→ **What is required**:
Keep the pictures out of the copy and repeat the records exactly.

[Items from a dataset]
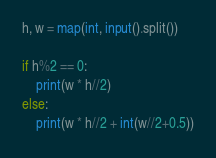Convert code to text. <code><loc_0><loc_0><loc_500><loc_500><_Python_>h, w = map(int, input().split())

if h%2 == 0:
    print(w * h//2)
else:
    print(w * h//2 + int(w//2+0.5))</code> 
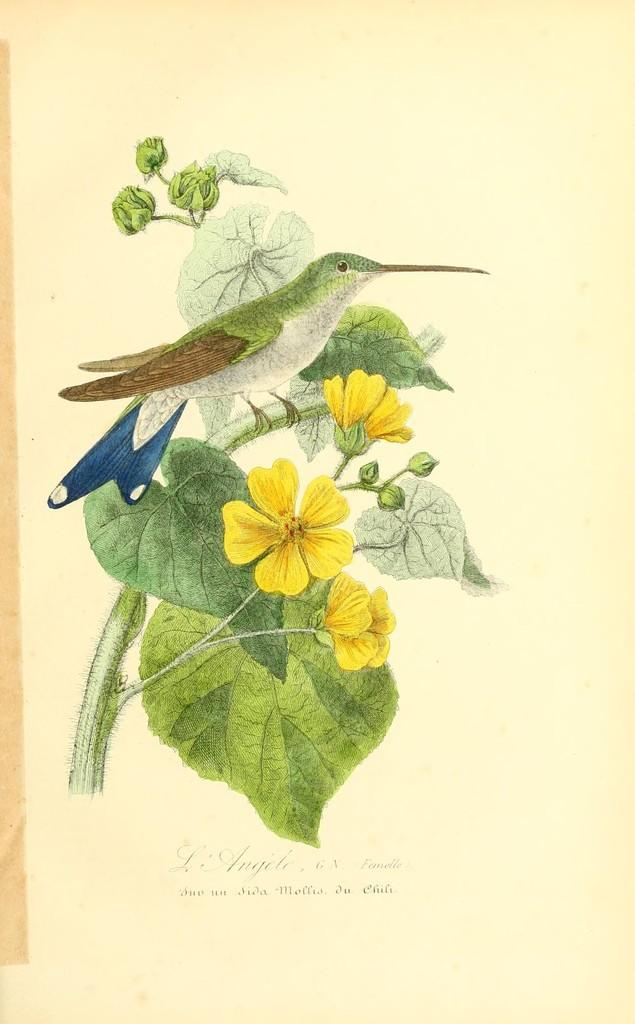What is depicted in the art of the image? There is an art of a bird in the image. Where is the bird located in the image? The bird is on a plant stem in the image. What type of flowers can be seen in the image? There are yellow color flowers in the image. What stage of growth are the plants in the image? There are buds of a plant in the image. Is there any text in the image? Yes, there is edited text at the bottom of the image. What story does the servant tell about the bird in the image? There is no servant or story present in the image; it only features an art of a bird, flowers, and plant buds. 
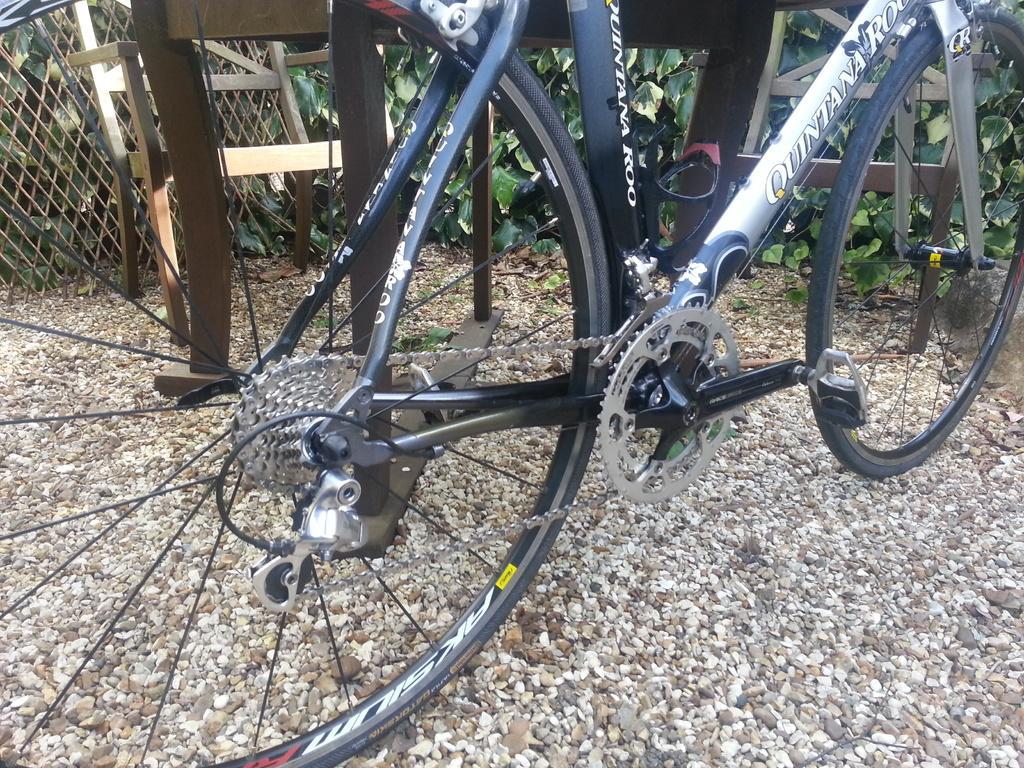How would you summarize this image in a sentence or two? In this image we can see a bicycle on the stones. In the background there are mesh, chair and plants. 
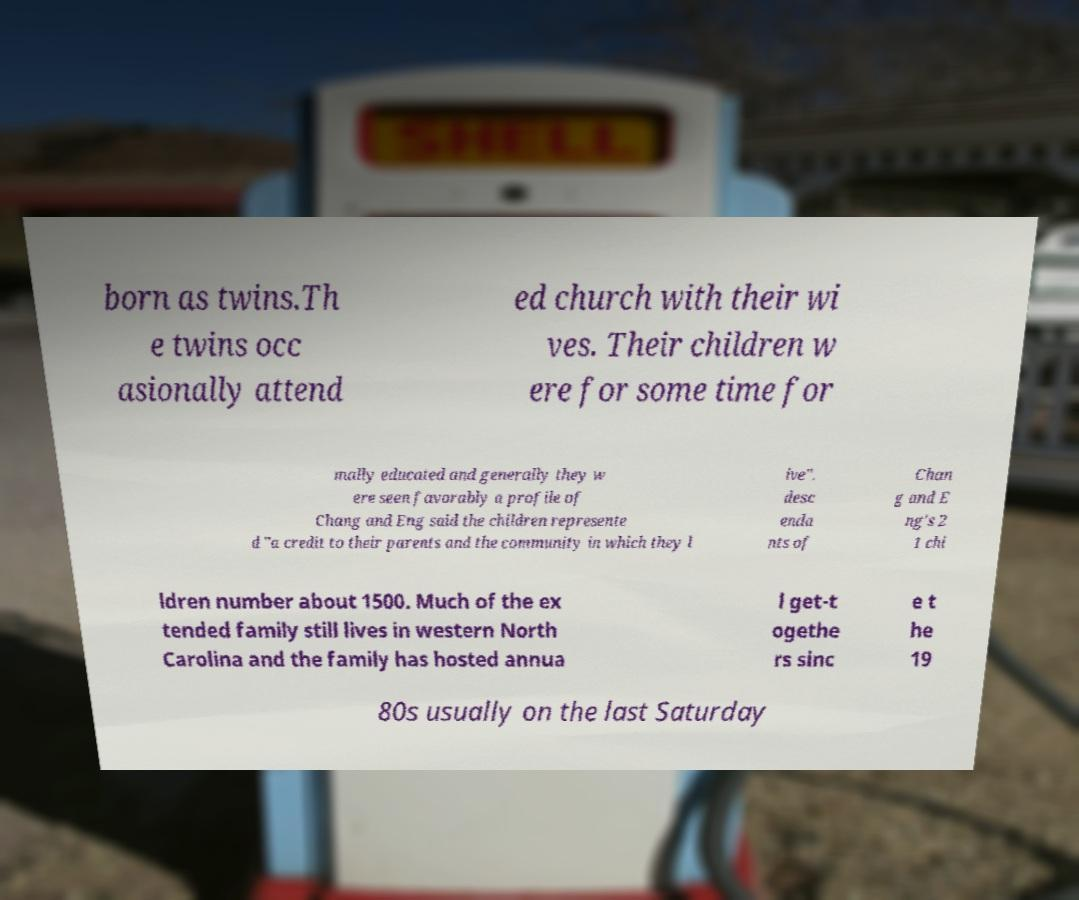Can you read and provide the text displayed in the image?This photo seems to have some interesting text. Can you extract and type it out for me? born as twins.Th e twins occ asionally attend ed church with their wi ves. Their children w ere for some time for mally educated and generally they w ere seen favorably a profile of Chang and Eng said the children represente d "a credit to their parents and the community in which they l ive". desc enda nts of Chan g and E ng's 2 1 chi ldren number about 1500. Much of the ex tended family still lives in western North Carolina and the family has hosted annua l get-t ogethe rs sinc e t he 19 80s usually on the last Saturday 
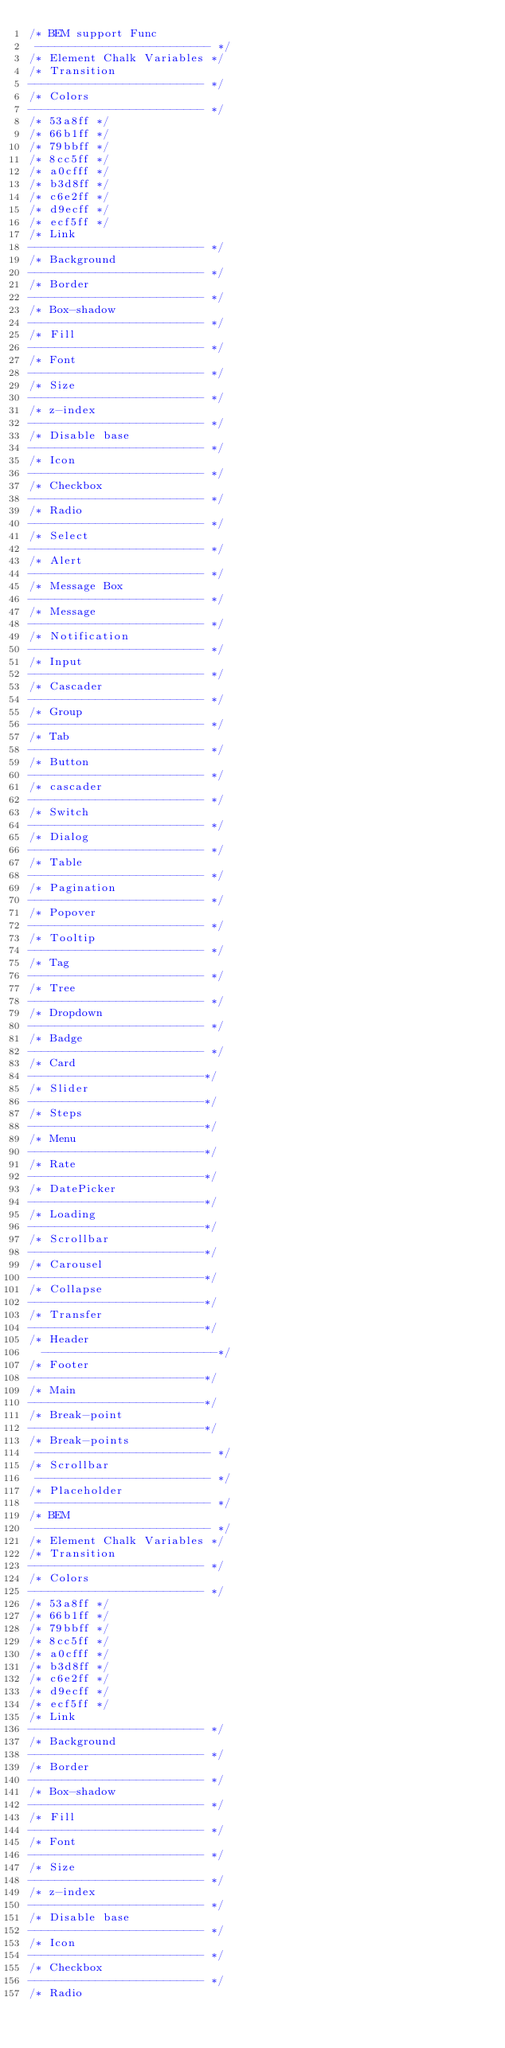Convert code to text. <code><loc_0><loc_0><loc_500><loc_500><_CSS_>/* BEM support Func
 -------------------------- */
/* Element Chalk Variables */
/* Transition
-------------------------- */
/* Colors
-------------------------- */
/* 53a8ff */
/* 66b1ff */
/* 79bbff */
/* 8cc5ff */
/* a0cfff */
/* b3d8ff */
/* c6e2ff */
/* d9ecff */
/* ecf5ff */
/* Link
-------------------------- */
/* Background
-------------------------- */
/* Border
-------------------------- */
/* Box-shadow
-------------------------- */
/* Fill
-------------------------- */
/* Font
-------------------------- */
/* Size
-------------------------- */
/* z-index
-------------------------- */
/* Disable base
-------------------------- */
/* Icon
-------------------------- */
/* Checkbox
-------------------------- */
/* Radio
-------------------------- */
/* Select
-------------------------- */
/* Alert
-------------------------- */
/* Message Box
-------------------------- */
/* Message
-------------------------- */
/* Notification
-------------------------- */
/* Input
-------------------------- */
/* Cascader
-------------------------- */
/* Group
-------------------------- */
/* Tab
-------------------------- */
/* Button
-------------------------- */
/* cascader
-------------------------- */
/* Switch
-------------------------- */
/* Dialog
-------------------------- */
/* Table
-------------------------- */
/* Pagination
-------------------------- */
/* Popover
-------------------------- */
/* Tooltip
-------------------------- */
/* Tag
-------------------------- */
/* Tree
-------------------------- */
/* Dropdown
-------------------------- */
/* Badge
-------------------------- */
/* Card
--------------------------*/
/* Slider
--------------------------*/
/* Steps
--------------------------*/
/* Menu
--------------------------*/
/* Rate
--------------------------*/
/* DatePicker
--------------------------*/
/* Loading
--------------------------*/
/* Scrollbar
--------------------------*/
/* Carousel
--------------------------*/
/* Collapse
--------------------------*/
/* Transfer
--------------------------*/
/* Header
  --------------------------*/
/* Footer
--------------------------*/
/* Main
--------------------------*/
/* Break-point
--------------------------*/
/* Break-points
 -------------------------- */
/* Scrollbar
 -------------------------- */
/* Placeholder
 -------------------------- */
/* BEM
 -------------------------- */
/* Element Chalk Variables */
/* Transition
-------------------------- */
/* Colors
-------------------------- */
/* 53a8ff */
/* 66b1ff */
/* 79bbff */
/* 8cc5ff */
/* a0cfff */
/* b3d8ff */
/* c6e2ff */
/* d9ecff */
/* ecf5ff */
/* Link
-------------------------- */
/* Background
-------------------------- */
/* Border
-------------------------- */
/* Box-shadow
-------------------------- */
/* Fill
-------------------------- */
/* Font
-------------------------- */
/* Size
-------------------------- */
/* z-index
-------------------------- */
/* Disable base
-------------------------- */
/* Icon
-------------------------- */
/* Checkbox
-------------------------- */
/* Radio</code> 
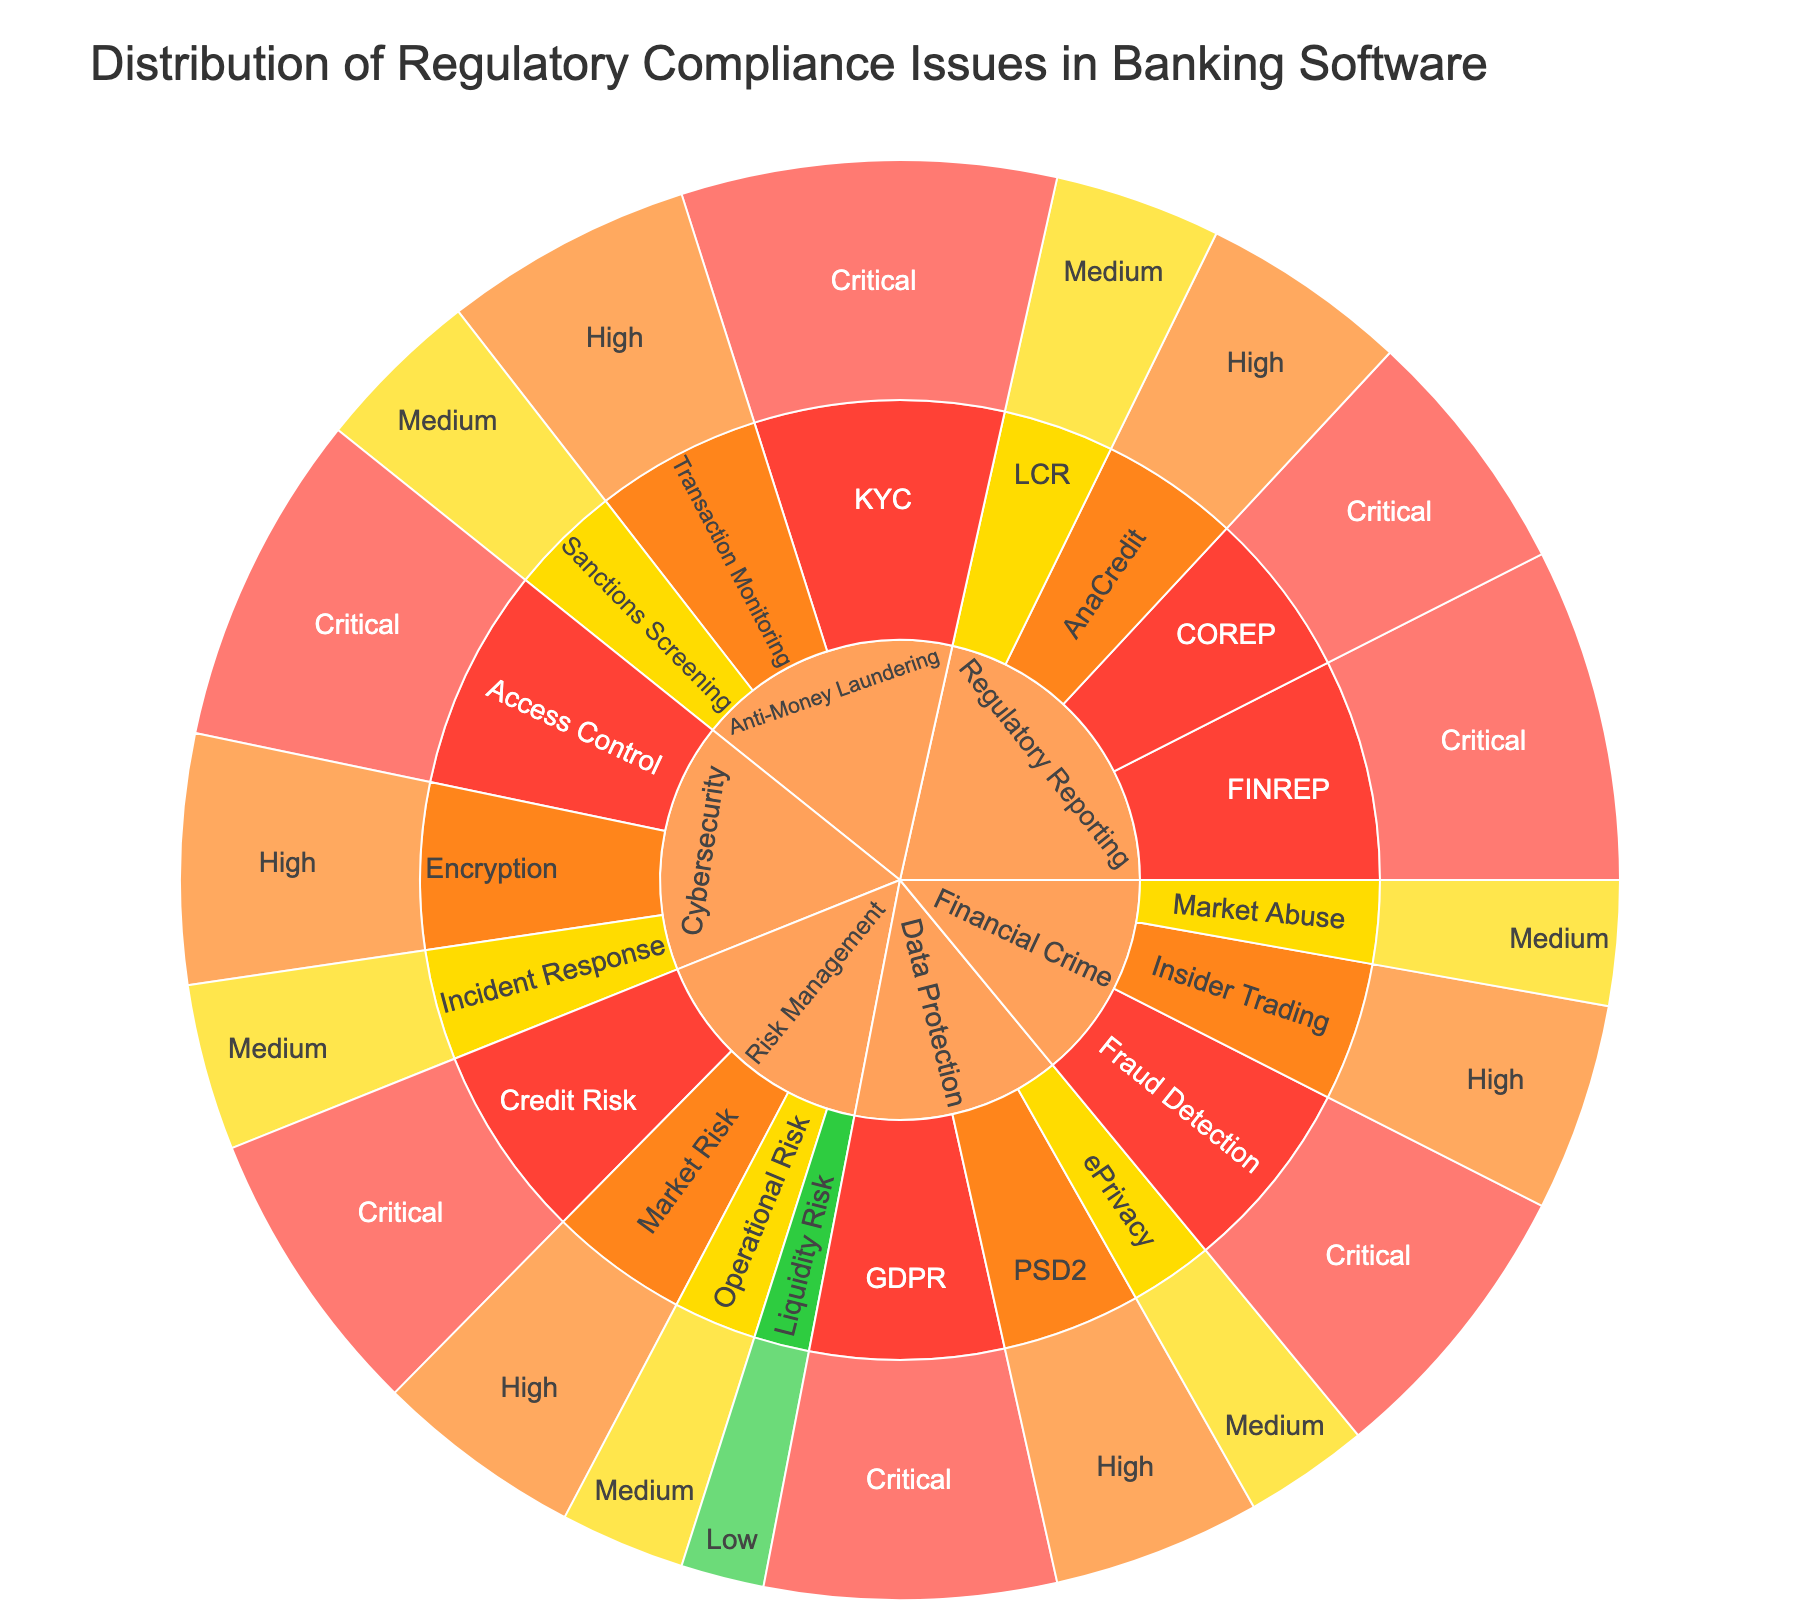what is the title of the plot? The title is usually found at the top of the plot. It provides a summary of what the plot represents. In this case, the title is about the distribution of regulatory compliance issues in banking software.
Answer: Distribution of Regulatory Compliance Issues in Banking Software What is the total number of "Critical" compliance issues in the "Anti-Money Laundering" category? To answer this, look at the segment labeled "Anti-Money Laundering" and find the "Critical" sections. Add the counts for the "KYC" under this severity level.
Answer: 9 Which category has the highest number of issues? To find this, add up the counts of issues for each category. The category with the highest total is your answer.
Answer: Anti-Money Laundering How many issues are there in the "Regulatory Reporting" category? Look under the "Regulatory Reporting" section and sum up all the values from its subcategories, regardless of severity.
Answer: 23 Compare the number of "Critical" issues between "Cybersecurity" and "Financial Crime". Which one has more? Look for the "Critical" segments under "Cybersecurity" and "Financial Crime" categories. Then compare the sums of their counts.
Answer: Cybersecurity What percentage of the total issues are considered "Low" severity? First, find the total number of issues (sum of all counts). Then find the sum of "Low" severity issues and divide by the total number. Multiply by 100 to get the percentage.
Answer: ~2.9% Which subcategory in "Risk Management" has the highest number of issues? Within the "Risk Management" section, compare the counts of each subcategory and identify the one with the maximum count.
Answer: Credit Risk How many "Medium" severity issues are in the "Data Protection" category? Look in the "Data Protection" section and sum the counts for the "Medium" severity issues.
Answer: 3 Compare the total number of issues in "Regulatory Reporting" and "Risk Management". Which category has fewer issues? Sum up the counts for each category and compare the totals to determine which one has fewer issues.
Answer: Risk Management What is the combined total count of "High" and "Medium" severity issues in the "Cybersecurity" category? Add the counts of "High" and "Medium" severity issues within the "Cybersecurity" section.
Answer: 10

→ **Your response**:
Convert code to text. <code><loc_0><loc_0><loc_500><loc_500><_Python_>h, w = map(int, input().split())

if h%2 == 0:
    print(w * h//2)
else:
    print(w * h//2 + int(w//2+0.5))</code> 
What is depicted in the art of the image? There is an art of a bird in the image. Where is the bird located in the image? The bird is on a plant stem in the image. What type of flowers can be seen in the image? There are yellow color flowers in the image. What stage of growth are the plants in the image? There are buds of a plant in the image. Is there any text in the image? Yes, there is edited text at the bottom of the image. What story does the servant tell about the bird in the image? There is no servant or story present in the image; it only features an art of a bird, flowers, and plant buds. 
How would you summarize this image in a sentence or two? In this image we can see a bicycle on the stones. In the background there are mesh, chair and plants. 
Can you read and provide the text displayed in the image?This photo seems to have some interesting text. Can you extract and type it out for me? born as twins.Th e twins occ asionally attend ed church with their wi ves. Their children w ere for some time for mally educated and generally they w ere seen favorably a profile of Chang and Eng said the children represente d "a credit to their parents and the community in which they l ive". desc enda nts of Chan g and E ng's 2 1 chi ldren number about 1500. Much of the ex tended family still lives in western North Carolina and the family has hosted annua l get-t ogethe rs sinc e t he 19 80s usually on the last Saturday 
Convert code to text. <code><loc_0><loc_0><loc_500><loc_500><_CSS_>/* BEM support Func
 -------------------------- */
/* Element Chalk Variables */
/* Transition
-------------------------- */
/* Colors
-------------------------- */
/* 53a8ff */
/* 66b1ff */
/* 79bbff */
/* 8cc5ff */
/* a0cfff */
/* b3d8ff */
/* c6e2ff */
/* d9ecff */
/* ecf5ff */
/* Link
-------------------------- */
/* Background
-------------------------- */
/* Border
-------------------------- */
/* Box-shadow
-------------------------- */
/* Fill
-------------------------- */
/* Font
-------------------------- */
/* Size
-------------------------- */
/* z-index
-------------------------- */
/* Disable base
-------------------------- */
/* Icon
-------------------------- */
/* Checkbox
-------------------------- */
/* Radio
-------------------------- */
/* Select
-------------------------- */
/* Alert
-------------------------- */
/* Message Box
-------------------------- */
/* Message
-------------------------- */
/* Notification
-------------------------- */
/* Input
-------------------------- */
/* Cascader
-------------------------- */
/* Group
-------------------------- */
/* Tab
-------------------------- */
/* Button
-------------------------- */
/* cascader
-------------------------- */
/* Switch
-------------------------- */
/* Dialog
-------------------------- */
/* Table
-------------------------- */
/* Pagination
-------------------------- */
/* Popover
-------------------------- */
/* Tooltip
-------------------------- */
/* Tag
-------------------------- */
/* Tree
-------------------------- */
/* Dropdown
-------------------------- */
/* Badge
-------------------------- */
/* Card
--------------------------*/
/* Slider
--------------------------*/
/* Steps
--------------------------*/
/* Menu
--------------------------*/
/* Rate
--------------------------*/
/* DatePicker
--------------------------*/
/* Loading
--------------------------*/
/* Scrollbar
--------------------------*/
/* Carousel
--------------------------*/
/* Collapse
--------------------------*/
/* Transfer
--------------------------*/
/* Header
  --------------------------*/
/* Footer
--------------------------*/
/* Main
--------------------------*/
/* Break-point
--------------------------*/
/* Break-points
 -------------------------- */
/* Scrollbar
 -------------------------- */
/* Placeholder
 -------------------------- */
/* BEM
 -------------------------- */
/* Element Chalk Variables */
/* Transition
-------------------------- */
/* Colors
-------------------------- */
/* 53a8ff */
/* 66b1ff */
/* 79bbff */
/* 8cc5ff */
/* a0cfff */
/* b3d8ff */
/* c6e2ff */
/* d9ecff */
/* ecf5ff */
/* Link
-------------------------- */
/* Background
-------------------------- */
/* Border
-------------------------- */
/* Box-shadow
-------------------------- */
/* Fill
-------------------------- */
/* Font
-------------------------- */
/* Size
-------------------------- */
/* z-index
-------------------------- */
/* Disable base
-------------------------- */
/* Icon
-------------------------- */
/* Checkbox
-------------------------- */
/* Radio</code> 
what is the title of the plot? The title is usually found at the top of the plot. It provides a summary of what the plot represents. In this case, the title is about the distribution of regulatory compliance issues in banking software.
Answer: Distribution of Regulatory Compliance Issues in Banking Software What is the total number of "Critical" compliance issues in the "Anti-Money Laundering" category? To answer this, look at the segment labeled "Anti-Money Laundering" and find the "Critical" sections. Add the counts for the "KYC" under this severity level.
Answer: 9 Which category has the highest number of issues? To find this, add up the counts of issues for each category. The category with the highest total is your answer.
Answer: Anti-Money Laundering How many issues are there in the "Regulatory Reporting" category? Look under the "Regulatory Reporting" section and sum up all the values from its subcategories, regardless of severity.
Answer: 23 Compare the number of "Critical" issues between "Cybersecurity" and "Financial Crime". Which one has more? Look for the "Critical" segments under "Cybersecurity" and "Financial Crime" categories. Then compare the sums of their counts.
Answer: Cybersecurity What percentage of the total issues are considered "Low" severity? First, find the total number of issues (sum of all counts). Then find the sum of "Low" severity issues and divide by the total number. Multiply by 100 to get the percentage.
Answer: ~2.9% Which subcategory in "Risk Management" has the highest number of issues? Within the "Risk Management" section, compare the counts of each subcategory and identify the one with the maximum count.
Answer: Credit Risk How many "Medium" severity issues are in the "Data Protection" category? Look in the "Data Protection" section and sum the counts for the "Medium" severity issues.
Answer: 3 Compare the total number of issues in "Regulatory Reporting" and "Risk Management". Which category has fewer issues? Sum up the counts for each category and compare the totals to determine which one has fewer issues.
Answer: Risk Management What is the combined total count of "High" and "Medium" severity issues in the "Cybersecurity" category? Add the counts of "High" and "Medium" severity issues within the "Cybersecurity" section.
Answer: 10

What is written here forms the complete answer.